Esse cálculo de probabilidades pode ficar complicado, e outros animais não têm como fazê-lo antes de decidirem se defendem ou atacam outro indivíduo com base no parentesco. Por isso, usam outros artifícios. A distância física por exemplo. Territorialismo e outros tipos de comportamentos animais acabam favorecendo, ainda que indiretamente, o reconhecimento do grupo familiar e, conseqüentemente, por quem vale a pena lutar e por quem vale a pena morrer. Tente entrar em um grupo de babuínos, ou no seletíssimo grupo das meninas da biologia da UFRJ turma de 89/1 e você vai ver do que estou falando: vai levar uma corrida!

Apesar disso, os humanos são extremamente permissíveis a indivíduos externos ao grupo familiar e a explicação mais plausível para isso é o altruísmo recíproco (veja aqui). Raffaella e Manoele me hospedaram e me levaram pra tomar gelatto em San Gimminiano quando eu estive em Florença, e eu hospedei e levei eles pra tomar caipirinha no Rio Scenarium quando estiveram no Rio. Não é justificativa mais do que suficiente?

Que bichinho é esse? Que plantinha é essa?


Por trás dessas perguntas simples, que certamente estão entre as mais escutadas por qualquer biólogo, está um dos maiores problemas da biologia: a classificação dos seres vivos

A taxonomia é a parte da biologia que se ocupa em identificar e nomear os organismos e grupos de organismos. Ela faz isso utilizando características que são comuns a esses grupos. Quanto mais características comuns, mais os mesmos organismos avançam na escala de classificação. A classificação mais ampla é a de domínio, mas nem mesmo nessa existe consenso. A maior parte considera apenas procariotos e eucariotos. Mas há aqueles que reconheçam o domínio Arquea, com bactérias tão antigas quanto a Terra e que diferenças fisiológicas e morfológicas que os caras julgam como suficientes para a separação. Depois vem os reinos, que podem ser cinco (ou seis dependendo do autor): Monera (as bactérias de novo), protista (os eucariotos unicelulares, principalmente os protozoários), Fungi (ótimos em pizzas e macarronadas), animal (com movimento próprio) e vegetal (sem movimento próprio), protista, monera).

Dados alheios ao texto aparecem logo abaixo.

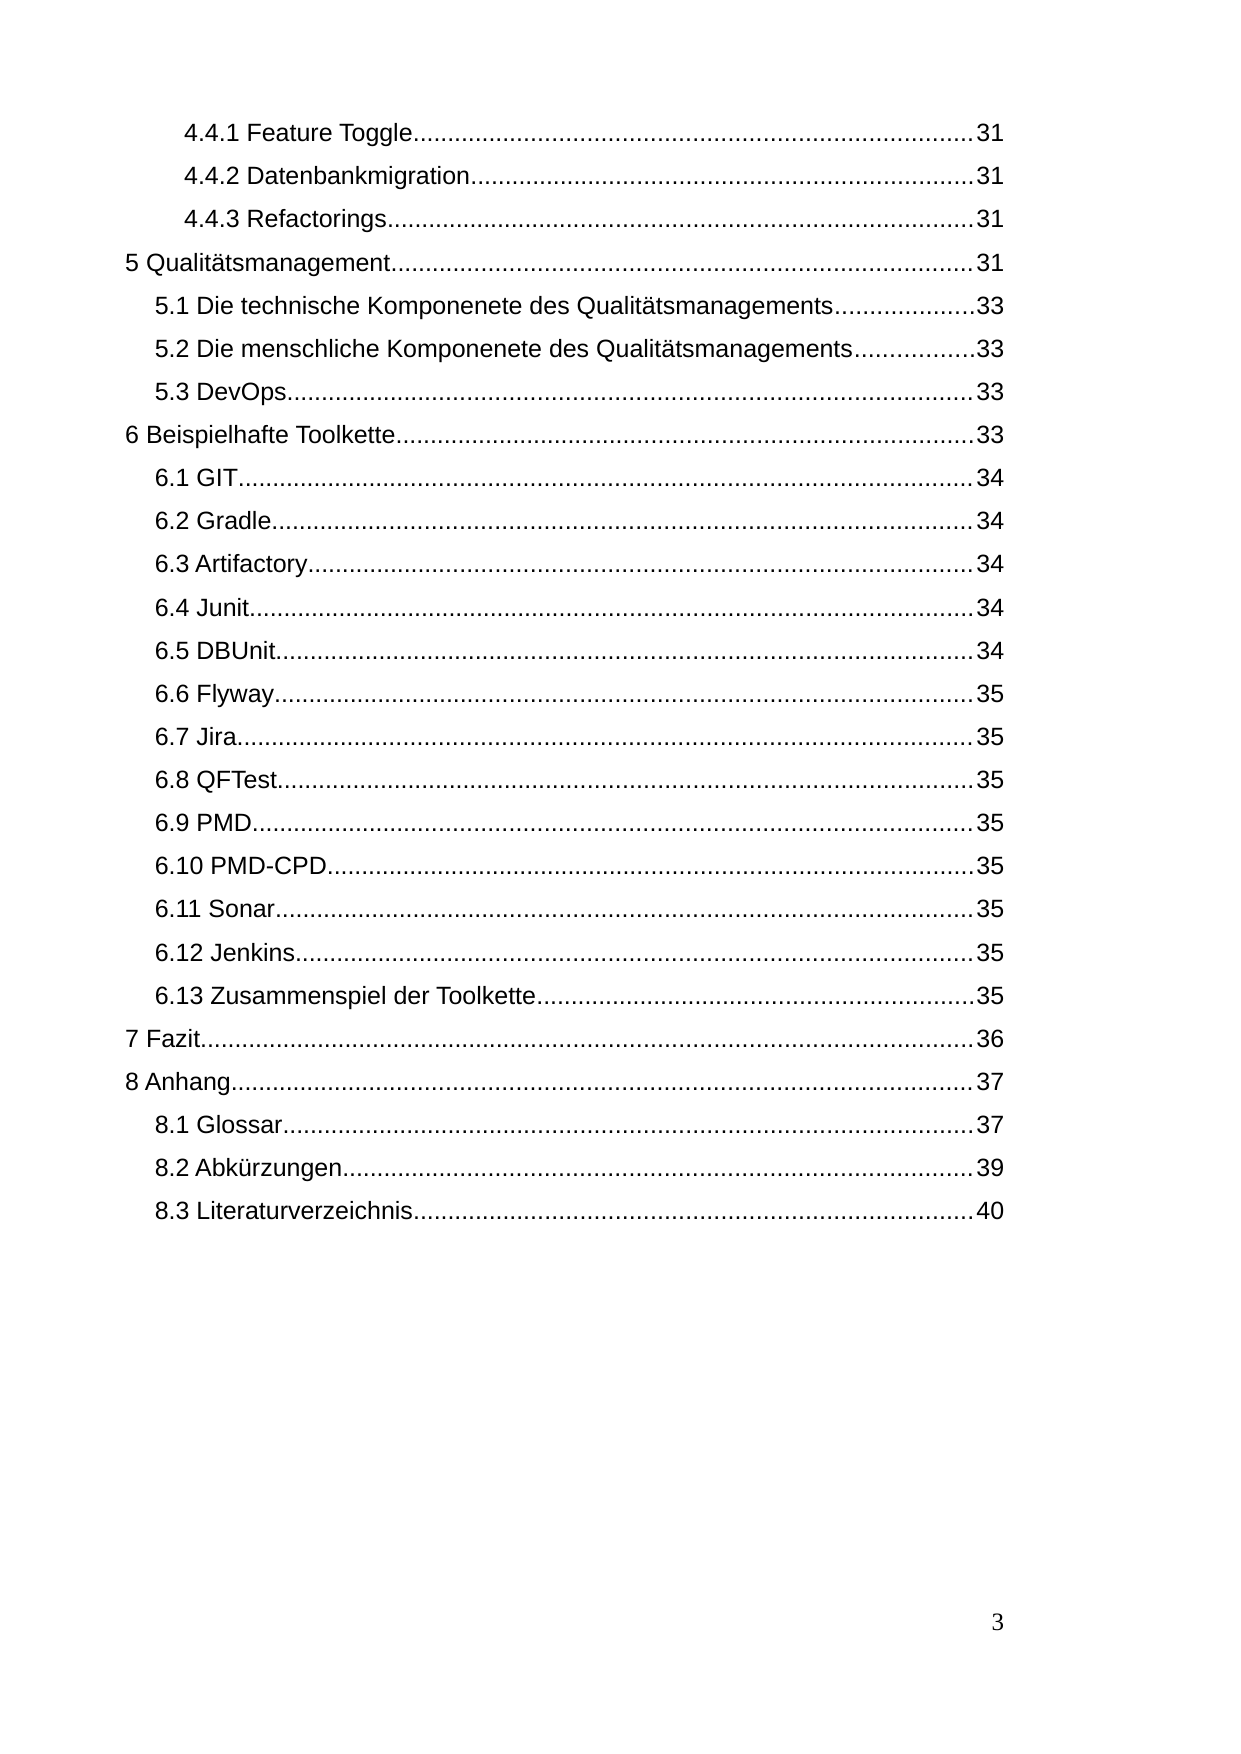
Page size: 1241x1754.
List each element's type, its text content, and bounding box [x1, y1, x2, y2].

text 6.8 QFTest 35 [148, 765, 1004, 794]
text 6.6 Flyway 35 [148, 679, 1004, 707]
text 4.4.3 Refactorings 31 [177, 204, 1004, 233]
text 7 Fazit 36 [118, 1024, 1004, 1052]
text 6 Beispielhafte Toolkette 33 [118, 420, 1004, 449]
text 4.4.2 Datenbankmigration 31 [177, 161, 1004, 190]
text 5.2 Die menschliche Komponenete des Qualitätsmanagements 33 [148, 334, 1004, 362]
text 6.10 PMD-CPD 35 [148, 851, 1004, 880]
text 6.11 Sonar 35 [148, 894, 1004, 923]
text 6.4 Junit 34 [148, 592, 1004, 621]
text 8.3 Literaturverzeichnis 40 [148, 1196, 1004, 1225]
text 8.1 Glossar 37 [148, 1110, 1004, 1139]
text 4.4.1 Feature Toggle 31 [177, 118, 1004, 147]
text 6.3 Artifactory 34 [148, 549, 1004, 578]
text 6.12 Jenkins 35 [148, 937, 1004, 966]
text 6.1 GIT 34 [148, 463, 1004, 492]
text 6.2 Gradle 34 [148, 506, 1004, 535]
text 8.2 Abkürzungen 39 [148, 1153, 1004, 1182]
text 5.3 DevOps 33 [148, 377, 1004, 406]
text 5 Qualitätsmanagement 31 [118, 247, 1004, 276]
text 6.5 DBUnit 34 [148, 636, 1004, 664]
text 8 Anhang 37 [118, 1067, 1004, 1096]
text 6.13 Zusammenspiel der Toolkette 35 [148, 981, 1004, 1009]
text 6.9 PMD 35 [148, 808, 1004, 837]
text 5.1 Die technische Komponenete des Qualitätsmanagements 33 [148, 291, 1004, 319]
text 6.7 Jira 35 [148, 722, 1004, 751]

Depois vem os Filos (ou para os puristas, fila no plural em latim). Classe, ordem, família e gênero são todos degraus dessa escala taxonômica. O nível taxonômico mais alto em que não se pode ser mais ou menos inclusivo é o de espécie: um conceito importantíssimo na biologia, mas que continua insuficientemente bem definido. Pode ser a forma como as pessoas leigas se referem a diferentes tipos de organismos: Cães são de uma espécie e gatos são de outra. Pode ser a nomenclatura binomial padrão criada por Carl von Linné através da qual cientistas se referem ao organismos: Canis familiaris e Felis Catus.

As espécies são geralmente definidas como um grupo com muitas características em comum, mas a principal é que eles são capazes de se reproduzir entre si e formar uma prole fértil. No caso dos animais superiores isso quer dizer que eles são capazes de trocar genes uns com os outros, uma idéia subjacentes ao conceito de espécie e muito importante. No entanto, em muitos, muitos casos, essa medida não é adequada e é necessário usar parâmetros com maior poder de distinção, como similaridade do DNA ou traços modificados localmente.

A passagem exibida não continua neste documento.